Uwielbiam wniknąć w tworzony przez Niego świat. Świat zwykłych ludzi z ich zwykłymi-niezwykłymi życiorysami. Autor dysponuje nie tylko sprawnym piórem, ale też jest mistrzem formy, o czym „Ślady” wybitnie świadczą. Każdy rozdział można odczytywać niczym niezależne opowiadanie, jedną, odseparowaną historię. Ale każdy zawiera element, ŚLAD, spajający poszczególne wątki w obraz całkowity i pełny.
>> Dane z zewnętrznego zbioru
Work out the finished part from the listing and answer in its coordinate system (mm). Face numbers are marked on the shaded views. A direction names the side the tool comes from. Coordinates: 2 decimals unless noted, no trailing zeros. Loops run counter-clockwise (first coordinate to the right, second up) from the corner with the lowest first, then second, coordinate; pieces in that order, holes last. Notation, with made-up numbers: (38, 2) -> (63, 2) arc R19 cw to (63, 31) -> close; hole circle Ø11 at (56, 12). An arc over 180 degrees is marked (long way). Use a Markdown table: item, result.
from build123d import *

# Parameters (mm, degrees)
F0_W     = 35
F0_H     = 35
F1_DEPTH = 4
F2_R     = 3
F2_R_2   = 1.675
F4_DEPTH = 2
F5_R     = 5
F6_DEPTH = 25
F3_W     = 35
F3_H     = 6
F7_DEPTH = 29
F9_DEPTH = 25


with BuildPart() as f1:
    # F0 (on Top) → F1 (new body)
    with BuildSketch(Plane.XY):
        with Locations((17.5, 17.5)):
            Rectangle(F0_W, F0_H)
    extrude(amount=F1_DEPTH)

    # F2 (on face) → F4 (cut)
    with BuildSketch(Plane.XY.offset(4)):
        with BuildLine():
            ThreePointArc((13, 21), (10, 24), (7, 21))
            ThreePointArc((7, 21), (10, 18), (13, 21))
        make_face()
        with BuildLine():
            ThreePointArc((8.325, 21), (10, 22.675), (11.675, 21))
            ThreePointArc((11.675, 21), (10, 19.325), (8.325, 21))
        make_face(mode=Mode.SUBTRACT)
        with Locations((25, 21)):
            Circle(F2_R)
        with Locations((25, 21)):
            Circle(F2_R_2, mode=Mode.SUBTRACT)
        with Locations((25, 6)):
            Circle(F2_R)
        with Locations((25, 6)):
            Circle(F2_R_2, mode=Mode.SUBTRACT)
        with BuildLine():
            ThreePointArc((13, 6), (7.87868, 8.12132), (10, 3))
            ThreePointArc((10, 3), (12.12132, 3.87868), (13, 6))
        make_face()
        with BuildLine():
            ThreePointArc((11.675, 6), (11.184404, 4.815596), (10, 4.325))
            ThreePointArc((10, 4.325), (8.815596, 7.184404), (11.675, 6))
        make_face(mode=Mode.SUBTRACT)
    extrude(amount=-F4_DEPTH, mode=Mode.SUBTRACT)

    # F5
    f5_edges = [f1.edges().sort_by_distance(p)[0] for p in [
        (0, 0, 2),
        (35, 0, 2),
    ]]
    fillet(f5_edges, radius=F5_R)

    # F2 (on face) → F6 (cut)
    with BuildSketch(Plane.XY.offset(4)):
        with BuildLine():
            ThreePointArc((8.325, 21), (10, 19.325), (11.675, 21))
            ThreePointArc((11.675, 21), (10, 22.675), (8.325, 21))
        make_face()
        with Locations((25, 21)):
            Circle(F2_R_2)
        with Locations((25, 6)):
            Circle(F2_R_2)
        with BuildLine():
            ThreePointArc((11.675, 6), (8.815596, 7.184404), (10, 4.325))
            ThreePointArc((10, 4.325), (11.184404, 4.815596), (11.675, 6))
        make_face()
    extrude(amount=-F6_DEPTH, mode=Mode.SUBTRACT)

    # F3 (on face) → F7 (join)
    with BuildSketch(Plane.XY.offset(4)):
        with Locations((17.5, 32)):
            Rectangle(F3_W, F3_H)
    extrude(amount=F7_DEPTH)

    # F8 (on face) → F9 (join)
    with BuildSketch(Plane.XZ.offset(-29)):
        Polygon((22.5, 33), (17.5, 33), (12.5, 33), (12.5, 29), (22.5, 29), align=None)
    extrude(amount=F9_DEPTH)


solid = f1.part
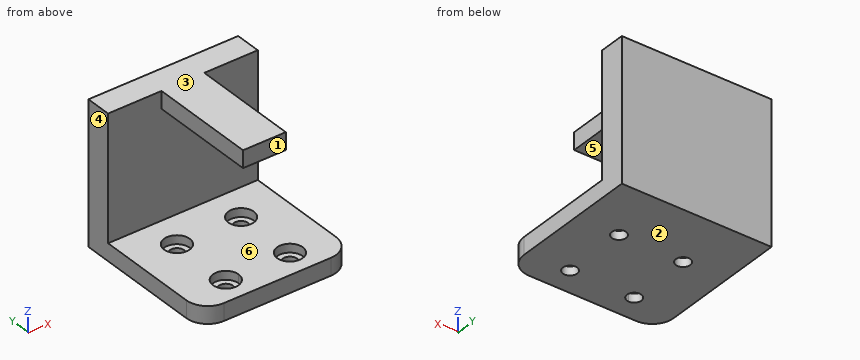
Q1. Section D-D on x = 13.5 is taken. Determine the outline of the cut face in (y, z), and give its area (3 significant figures).
Solved:
| item | result |
|---|---|
| outline | (0, 0) -> (35, 0) -> (35, 33) -> (4, 33) -> (4, 29) -> (29, 29) -> (29, 4) -> (0, 4) -> close |
| area | 414 mm² |
Q2. Section C-C on y = 21 is taken. Determine the outline of the cut face in (x, z) (3 decimals).
Solved:
| item | result |
|---|---|
| outline | (0, 0) -> (8.325, 0) -> (8.325, 2) -> (7, 2) -> (7, 4) -> (0, 4) -> close; (11.675, 0) -> (23.325, 0) -> (23.325, 2) -> (22, 2) -> (22, 4) -> (13, 4) -> (13, 2) -> (11.675, 2) -> close; (12.5, 29) -> (22.5, 29) -> (22.5, 33) -> (12.5, 33) -> close; (26.675, 0) -> (35, 0) -> (35, 4) -> (28, 4) -> (28, 2) -> (26.675, 2) -> close |
Q3. Given pin 1 Ø2 at (y, z) = (15.5, 31.5) entering from +X; pin 2 Ø1.2 at (x, z) = (18, 31.5) entering from -Y; pin 3 Ø3 at (x, y) = (10, 21.5) entering from +Z; pin 4 Ø2.5 at (x, y) = (10, 6) entering from -Z, each flat-ended and moving along its own axis, determine where each tip first touches the part or whether it passes through.
Solved:
| item | result |
|---|---|
| pin 1 | x = 22.5 |
| pin 2 | y = 4 |
| pin 3 | z = 2 |
| pin 4 | through |
Q4. For the marked faces 1 and 2, determine the directions among +Z, -Z, +X, -X, +Y, -Y from which every point of the face is accessible in a straight line to the end or side of a thin tool.
Solved:
| item | result |
|---|---|
| face 1 | +Z, +X, -X, -Y |
| face 2 | -Z, +X, -X, +Y, -Y |
Q5. Section B-B on x = 25 is taken. Determine the outline of the cut face in (y, z) (3 decimals).
Solved:
| item | result |
|---|---|
| outline | (0, 0) -> (4.325, 0) -> (4.325, 2) -> (3, 2) -> (3, 4) -> (0, 4) -> close; (7.675, 0) -> (19.325, 0) -> (19.325, 2) -> (18, 2) -> (18, 4) -> (9, 4) -> (9, 2) -> (7.675, 2) -> close; (22.675, 0) -> (35, 0) -> (35, 33) -> (29, 33) -> (29, 4) -> (24, 4) -> (24, 2) -> (22.675, 2) -> close |
Q6. Section A-A on y = 15 is taken. Determine the outline of the cut face in (x, z), and give its area (3 significant figures).
Solved:
| item | result |
|---|---|
| outline | (0, 0) -> (35, 0) -> (35, 4) -> (0, 4) -> close; (12.5, 29) -> (22.5, 29) -> (22.5, 33) -> (12.5, 33) -> close |
| area | 180 mm² |
Q7. Determine the mould class of the marked faces 3, 4, 5 and 6 for opening direction Z: pulls with the +Z half, pulls with the -Z half, needs draft (parallel to the pull), parting line crosses it, or undercut.
Solved:
| item | result |
|---|---|
| face 3 | pulls with the +Z half |
| face 4 | needs draft |
| face 5 | undercut |
| face 6 | undercut |
Q8. Consider line 1 (Y direction, x = 25, z = 3); line 2 (Y direction, x = 10, z = 1) (3 decimals); line 3 (Z direction, x = 18, y = 11). Determine where each line is inside the solid, lowest interval first. Write a range as [from, to].
Solved:
| item | result |
|---|---|
| line 1 | [0, 3], [9, 18], [24, 35] |
| line 2 | [0, 4.325], [7.675, 19.325], [22.675, 35] |
| line 3 | [0, 4], [29, 33] |

Powieść – bo mimo wszystko trudno mi określać „Ślady” mianem zbioru opowiadań – została wydana pomiędzy „Rdzą” i „Dygotem”, i klimatycznie jest bardzo tym dwóm pozycjom bliska.
Świetna książka na tę porę roku – zimny, ciemny listopad, czas pożegnań i wspomnień, ale gdzieś na horyzoncie czai się oczekiwanie na jasność Bożego Narodzenia. Jest refleksyjna i empatyczna. Ciepła, pomimo czasami bardzo trudnych akcentów. Zwyczajnie piękna, pomimo jakiegoś pierwiastka nostalgii.
Wrażliwość literacka Pisarza jest bardzo bliska mojej czytelniczej duszy.
Niech Pan, pisze, niech Pan pisze…
A mi pozostaje tylko podziękować.
I czytać.
Z zachwytem.
"Życie jest bardziej jak zbiór opowiadań. Poszarpane, nieprzewidywalne."
"Świat kończy się, a potem pędzi dalej."